フルタイムだと支給され、パートタイムだと対象外とされている退職手当については実態に合わせて適用すべきです

 

会計年度任用職員で今回位置付けられる非常勤職員等は、その名の通り期間を限定し、その年度内の業務のために任用される場合も多くあると認識しております。しかし、ある一定の職員は実質10年・20年と勤続している職員であり、会計年度で終わる仕事でもなく、毎年人が入れ替わってもこなせる業務でもなく、実質正規職員が2~3年で異動があるために継続勤務者としてサービス維持の役割を期待される職員であるケースが多々あります。

 

たまたま先日、児童相談所の虐待対策班を新たに設置との記事の中で、正規職員6人と県警OB含む非常勤職員4人の計10人と記載されたので、当局に勤務実態を伺いました。非常勤職員は、いずれも専門性があり、週4日から5日間の勤務。ただ、勤務時間は10-17時などパートタイムとして扱われるとのことでした。専門性を活かした業務を難しいケースなど扱う部署で重要な役割を担う人が、パートタイムの会計年度任用職員扱いでよいのかという懸念がわきました。

 

勤務時間が必要時間きちんと取られているのか、勤務実態が職務に見合っているのか、局での判断のみとせず総務局でも精査し、退職手当の支給を免れるためにパートタイム扱いとすることの無いようしっかりと監督することが必要なのではないでしょうか。

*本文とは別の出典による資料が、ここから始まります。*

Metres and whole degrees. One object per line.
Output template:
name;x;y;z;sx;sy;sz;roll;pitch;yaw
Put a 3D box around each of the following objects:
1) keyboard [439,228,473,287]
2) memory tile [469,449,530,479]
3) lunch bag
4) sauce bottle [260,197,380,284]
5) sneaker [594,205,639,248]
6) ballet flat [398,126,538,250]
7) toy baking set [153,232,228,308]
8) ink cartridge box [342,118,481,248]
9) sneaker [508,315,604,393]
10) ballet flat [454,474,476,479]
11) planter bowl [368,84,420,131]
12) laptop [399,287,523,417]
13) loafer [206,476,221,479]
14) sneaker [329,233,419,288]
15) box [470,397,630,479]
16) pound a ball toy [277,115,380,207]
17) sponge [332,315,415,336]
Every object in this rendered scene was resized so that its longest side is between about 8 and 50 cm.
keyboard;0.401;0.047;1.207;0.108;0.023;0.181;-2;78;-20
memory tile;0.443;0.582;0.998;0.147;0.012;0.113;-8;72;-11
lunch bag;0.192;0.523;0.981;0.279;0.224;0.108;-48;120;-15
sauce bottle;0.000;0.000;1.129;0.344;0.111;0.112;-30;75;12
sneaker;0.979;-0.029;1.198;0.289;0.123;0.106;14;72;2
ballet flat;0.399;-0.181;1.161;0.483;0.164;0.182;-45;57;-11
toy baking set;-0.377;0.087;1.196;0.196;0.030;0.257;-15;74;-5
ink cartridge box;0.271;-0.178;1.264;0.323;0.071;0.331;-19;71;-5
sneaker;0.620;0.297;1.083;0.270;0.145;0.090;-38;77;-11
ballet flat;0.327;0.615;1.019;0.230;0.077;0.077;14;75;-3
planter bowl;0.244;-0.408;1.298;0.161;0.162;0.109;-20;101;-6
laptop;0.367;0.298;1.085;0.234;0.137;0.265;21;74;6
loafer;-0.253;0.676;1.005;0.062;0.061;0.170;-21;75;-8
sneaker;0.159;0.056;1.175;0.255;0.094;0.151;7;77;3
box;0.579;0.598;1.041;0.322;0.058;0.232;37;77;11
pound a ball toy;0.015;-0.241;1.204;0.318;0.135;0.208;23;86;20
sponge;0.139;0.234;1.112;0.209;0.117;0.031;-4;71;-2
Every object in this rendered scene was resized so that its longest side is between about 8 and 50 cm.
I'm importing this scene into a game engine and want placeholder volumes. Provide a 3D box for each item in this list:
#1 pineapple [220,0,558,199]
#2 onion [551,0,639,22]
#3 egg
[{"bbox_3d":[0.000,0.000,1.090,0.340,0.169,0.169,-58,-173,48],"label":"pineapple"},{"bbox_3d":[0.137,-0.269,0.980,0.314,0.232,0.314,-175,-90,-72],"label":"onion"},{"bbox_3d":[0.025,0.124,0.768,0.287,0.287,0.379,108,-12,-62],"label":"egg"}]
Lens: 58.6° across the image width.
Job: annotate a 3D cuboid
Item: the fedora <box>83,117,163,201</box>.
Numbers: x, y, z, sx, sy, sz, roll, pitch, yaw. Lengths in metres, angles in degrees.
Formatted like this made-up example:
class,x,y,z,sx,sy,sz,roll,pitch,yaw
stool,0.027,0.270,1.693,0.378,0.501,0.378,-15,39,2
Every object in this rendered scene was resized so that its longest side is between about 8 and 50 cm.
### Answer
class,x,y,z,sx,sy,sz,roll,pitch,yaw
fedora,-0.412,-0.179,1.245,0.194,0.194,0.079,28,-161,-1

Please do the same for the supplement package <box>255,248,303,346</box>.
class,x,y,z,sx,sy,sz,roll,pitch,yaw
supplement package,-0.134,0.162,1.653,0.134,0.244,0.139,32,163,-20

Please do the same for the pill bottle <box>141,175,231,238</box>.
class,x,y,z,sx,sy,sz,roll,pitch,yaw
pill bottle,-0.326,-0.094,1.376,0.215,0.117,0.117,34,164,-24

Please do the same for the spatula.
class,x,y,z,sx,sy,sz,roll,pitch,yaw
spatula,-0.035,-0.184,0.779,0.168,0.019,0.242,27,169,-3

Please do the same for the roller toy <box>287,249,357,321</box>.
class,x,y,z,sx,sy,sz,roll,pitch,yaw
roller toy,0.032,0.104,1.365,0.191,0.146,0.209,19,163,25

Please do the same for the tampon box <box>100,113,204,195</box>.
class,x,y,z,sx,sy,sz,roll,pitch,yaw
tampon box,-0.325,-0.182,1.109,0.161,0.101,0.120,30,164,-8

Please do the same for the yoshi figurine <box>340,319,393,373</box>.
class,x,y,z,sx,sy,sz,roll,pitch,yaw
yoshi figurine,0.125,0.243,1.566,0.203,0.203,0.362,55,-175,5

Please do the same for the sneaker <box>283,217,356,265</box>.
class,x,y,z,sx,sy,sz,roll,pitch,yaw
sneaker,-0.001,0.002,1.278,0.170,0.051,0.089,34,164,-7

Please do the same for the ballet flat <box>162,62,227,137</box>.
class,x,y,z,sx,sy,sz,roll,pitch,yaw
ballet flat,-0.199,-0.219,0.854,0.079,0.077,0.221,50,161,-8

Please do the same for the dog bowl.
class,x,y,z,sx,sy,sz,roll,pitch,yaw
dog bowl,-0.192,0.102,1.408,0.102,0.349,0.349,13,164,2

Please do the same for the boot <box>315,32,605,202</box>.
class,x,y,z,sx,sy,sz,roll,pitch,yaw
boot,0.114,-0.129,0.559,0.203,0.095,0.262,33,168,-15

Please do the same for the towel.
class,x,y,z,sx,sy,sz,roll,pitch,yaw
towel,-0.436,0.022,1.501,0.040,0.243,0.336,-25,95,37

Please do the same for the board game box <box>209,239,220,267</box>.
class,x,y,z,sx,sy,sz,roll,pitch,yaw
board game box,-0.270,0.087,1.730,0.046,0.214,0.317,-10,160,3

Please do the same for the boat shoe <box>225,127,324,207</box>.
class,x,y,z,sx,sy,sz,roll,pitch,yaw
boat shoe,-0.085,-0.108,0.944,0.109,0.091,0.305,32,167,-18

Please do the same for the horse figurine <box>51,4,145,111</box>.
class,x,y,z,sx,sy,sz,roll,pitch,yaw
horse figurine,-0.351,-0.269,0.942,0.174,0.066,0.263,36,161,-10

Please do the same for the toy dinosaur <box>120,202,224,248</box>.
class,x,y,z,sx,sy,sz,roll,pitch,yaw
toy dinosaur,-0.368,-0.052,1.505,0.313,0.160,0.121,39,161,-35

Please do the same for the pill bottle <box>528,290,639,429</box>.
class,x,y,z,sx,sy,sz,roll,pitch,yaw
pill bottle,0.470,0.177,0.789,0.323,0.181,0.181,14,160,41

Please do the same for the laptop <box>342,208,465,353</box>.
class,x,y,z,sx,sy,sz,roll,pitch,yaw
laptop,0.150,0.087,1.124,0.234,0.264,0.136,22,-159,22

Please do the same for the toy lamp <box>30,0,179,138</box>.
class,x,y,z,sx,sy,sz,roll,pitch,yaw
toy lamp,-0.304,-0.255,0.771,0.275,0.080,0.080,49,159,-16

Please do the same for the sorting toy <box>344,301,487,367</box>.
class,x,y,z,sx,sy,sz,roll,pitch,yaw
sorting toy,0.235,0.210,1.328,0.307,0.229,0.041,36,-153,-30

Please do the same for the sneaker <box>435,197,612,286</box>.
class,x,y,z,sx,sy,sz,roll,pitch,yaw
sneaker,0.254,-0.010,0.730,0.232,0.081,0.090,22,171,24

本来の本制度導入の趣旨である「雇用の安定」と「処遇改善」を念頭に置いた規則整備

を強く求めます。

 

議案95号、千葉市市民参加及び協働に関する条例の全部改正について

本議案は現行条例に規定する市民参加と協働に「市民の自立的な立場」を加え、市民が地域で実情に合ったまちづくりに取り組むことを【市民自治】として新たに規定し、市民自治を通じて『将来に引き継ぎたいと思えるまち』を実現するために、条文の全部を改正しようとするものです。

 

市民のまちを良くするためのすべての活動が、本条例改正により明確な根拠を得られたこと、また、市民が主体のまちづくりの促進に努めるとし、市民活動団体が条例に位置付けられた意義は大きく、今後の活用に期待をしています。

 

少々気になるのは、市民に丸投げではなく、市が取り組むべきことをどう果たすかです。

新たな条例において、「市の責務」に新たに加えられた、市民の自立的な活動の推進のうち、市民相互の連携や協力のための調整、及びその他市民の自立的な活動の推進のための措置については、今後特に注目していきたいと思います。

 

また、町内自治会の役割の中で、地域で活動する市民活動や事業者との連携を深め、身近な地域の課題の解決に取り組むよう努めるとする、とあり、調整役である、市の責務は更に重要です。

 

市民活動への理解が更に進むことを期待しつつ、そのための具体的手段として、各区への市民活動支援センターの設置またはそれに類する対策を講じることを求めて、私の討論を終わります。

ご清聴ありがとうございました。